**Instructions for the task**
Give the data again exactly as written, skipping any pictures.

**Task data**
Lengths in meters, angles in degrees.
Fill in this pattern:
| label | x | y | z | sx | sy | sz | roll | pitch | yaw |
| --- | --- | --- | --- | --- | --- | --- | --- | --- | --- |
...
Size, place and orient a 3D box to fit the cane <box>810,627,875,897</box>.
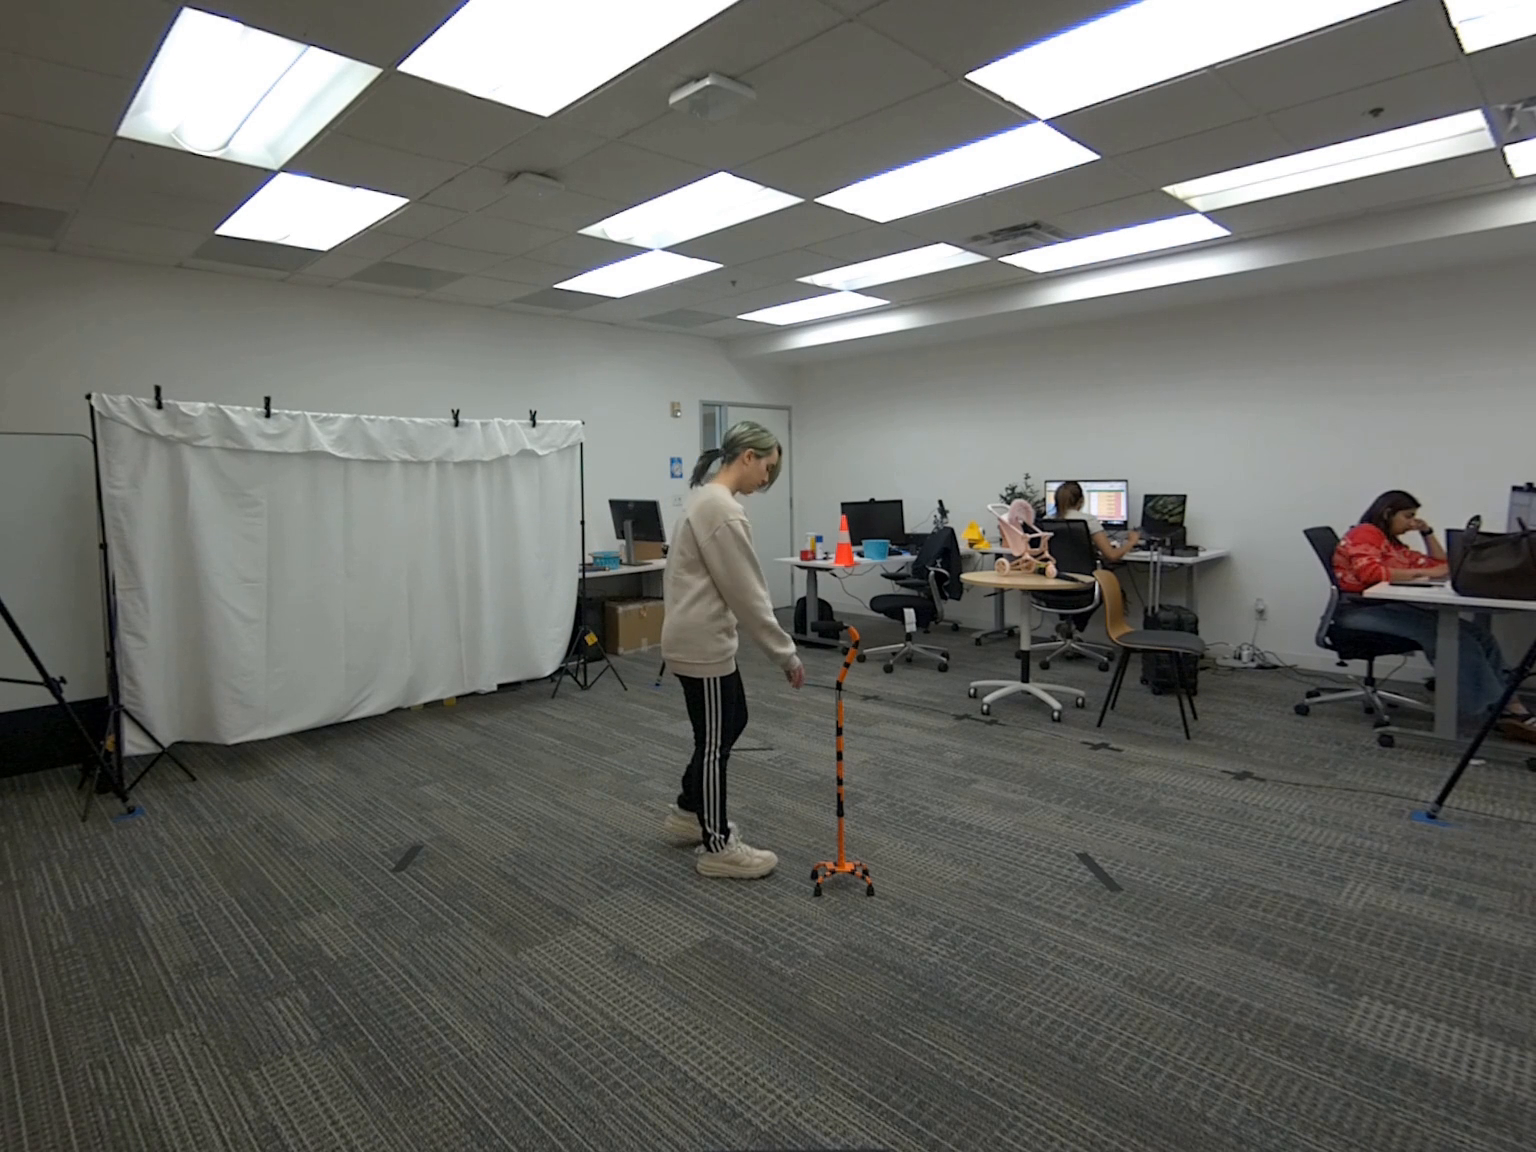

**Solved exercise**
Lengths in meters, angles in degrees.
Fill in this pattern:
| label | x | y | z | sx | sy | sz | roll | pitch | yaw |
| --- | --- | --- | --- | --- | --- | --- | --- | --- | --- |
...
Size, place and orient a 3D box to fit the cane <box>810,627,875,897</box>.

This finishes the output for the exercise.